Use Centralized Governance, Automation and Digital Guardrails
As financial services firms scale on the cloud, there are hundreds of cloud services and thousands of ways of tracking these controls. People alone cannot always keep up with all of that.
Financial services firms should consider investing in centralized governance and automation to keep track of their cloud cost, monitoring and cloud security postures. I advise customers to have digital guardrails in place, like continuous reviews and automated assessments of their security and core cloud architectures.
You can enable automation across the cloud life cycle using programs like my company’s, AWS, Azure and CloudSentry from TrendMicro. If there are configuration deviations, automated systems can detect changes and respond to anomalies before any potential impact occurs.
Financial services organizations should implement these systems and related processes up front, not later on. They need to validate security on an ongoing basis, not just every few months. And they should implement a continuous integration and delivery (CI/CD) pipeline to automate the steps in their software delivery processes.
Pick a Credible Partner
Organizations pursuing multicloud or hybrid cloud strategies need to understand something very important. Cloud providers will give them the tools, but organizations are responsible for security, compliance and for stitching everything together so they have common visibility and governance.
Businesses can figure out how to handle security and compliance. But it requires investment, talent and expertise. There is a more cost-efficient, expeditious and reliable option — engaging a partner with credibility in compliance and security. This is a point that many organizations miss.

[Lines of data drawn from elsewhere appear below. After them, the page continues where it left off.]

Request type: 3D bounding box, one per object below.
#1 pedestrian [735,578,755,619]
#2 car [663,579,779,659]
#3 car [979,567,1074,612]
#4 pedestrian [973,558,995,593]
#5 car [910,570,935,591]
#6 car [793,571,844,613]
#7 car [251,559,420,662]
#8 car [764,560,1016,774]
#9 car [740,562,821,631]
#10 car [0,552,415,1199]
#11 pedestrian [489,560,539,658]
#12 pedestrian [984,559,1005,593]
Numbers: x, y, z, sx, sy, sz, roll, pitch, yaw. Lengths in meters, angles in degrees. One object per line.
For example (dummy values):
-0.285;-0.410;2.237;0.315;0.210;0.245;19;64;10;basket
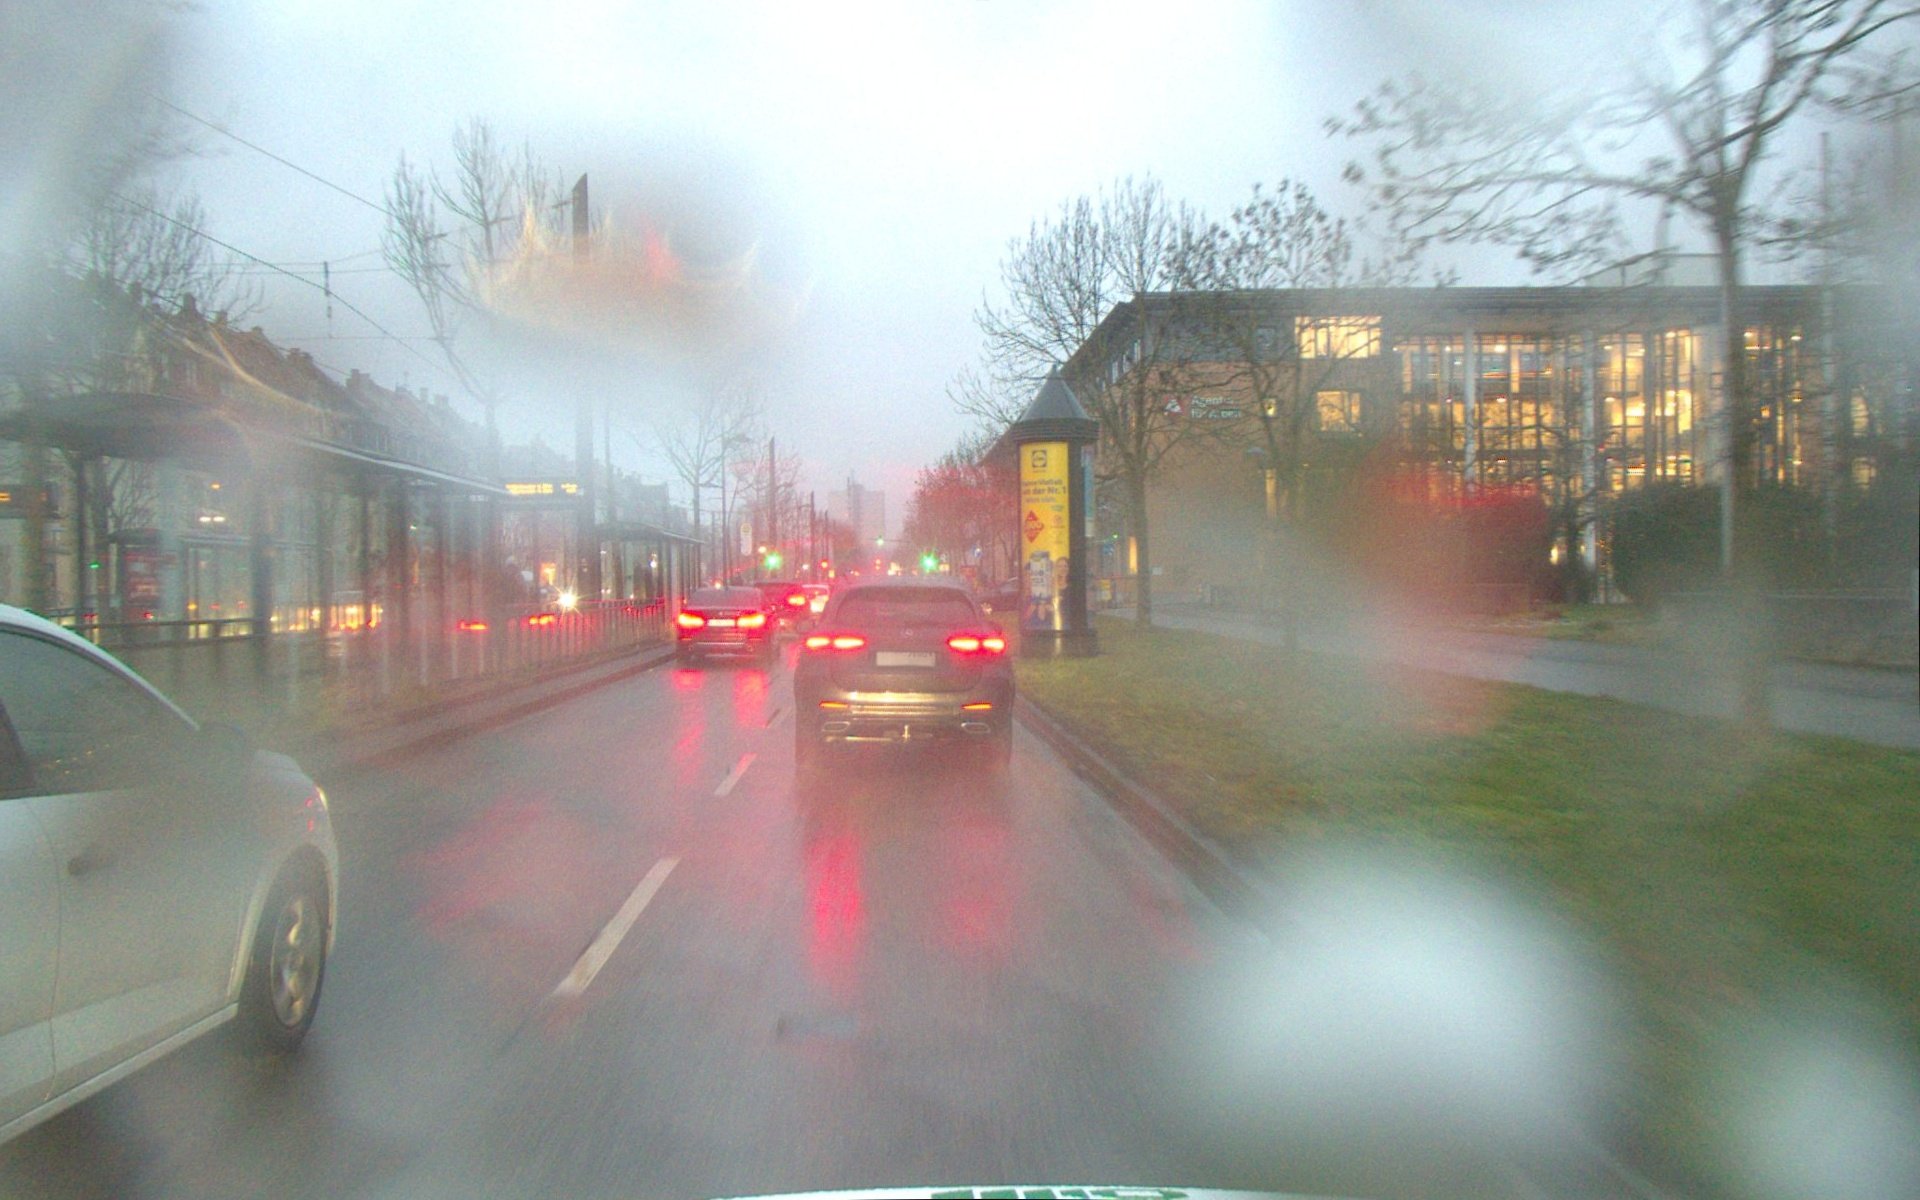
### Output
-8.490;-0.056;65.395;0.685;1.579;0.668;-2;1;-3;pedestrian
-4.645;0.320;32.704;1.954;1.422;3.997;-2;1;-4;car
2.738;-0.455;68.630;3.782;1.587;1.765;-4;1;-2;car
1.149;-1.163;78.190;0.887;1.624;0.500;-1;1;39;pedestrian
-3.127;-1.637;138.025;1.954;1.626;3.998;-2;1;-3;car
-5.826;-0.372;68.663;1.954;1.646;3.998;-2;1;-3;car
-12.286;0.162;32.816;1.954;1.854;3.998;-2;1;-3;car
-0.640;0.493;15.089;1.951;1.644;3.998;-1;1;-3;car
-4.932;-0.129;45.869;1.954;1.796;3.998;-1;1;-3;car
-2.797;0.666;3.910;1.593;1.513;4.001;-1;1;1;car
-7.532;0.153;27.951;0.696;1.634;0.746;0;0;-5;pedestrian
1.683;-1.155;80.182;0.887;1.624;0.500;-1;1;39;pedestrian

Compliance and security specialists also understand the importance of capturing log data, and they can assist financial services firms with the best ways to provide evidence of what your organization did and did not do.
There are several factors to consider to identify the right specialist for your needs:
Get Started, Continuously Assess and Grow
Once a financial services organization has done preparation and planning and established a robust architectural framework, it should conduct assessments, architectural due diligence and validation of reference architectures. That should involve moving a few workloads to conduct experiments on performance and availability. This identifies what can be moved and controlled.

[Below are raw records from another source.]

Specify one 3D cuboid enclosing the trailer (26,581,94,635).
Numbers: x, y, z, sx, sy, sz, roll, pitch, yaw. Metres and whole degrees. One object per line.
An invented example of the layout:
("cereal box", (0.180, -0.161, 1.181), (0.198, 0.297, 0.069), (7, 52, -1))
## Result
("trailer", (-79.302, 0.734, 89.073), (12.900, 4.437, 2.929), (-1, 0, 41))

By constantly validating and assessing against workloads — before, during and after migration and implementation — organizations can compare expectations against outcomes, learn about their risks and address gaps.
Multicloud and hybrid cloud create new challenges for organizations, especially financial services firms. But with multicloud visibility and the right governance, partners, planning and technologies, financial services firms can be more competitive, compliant and secure.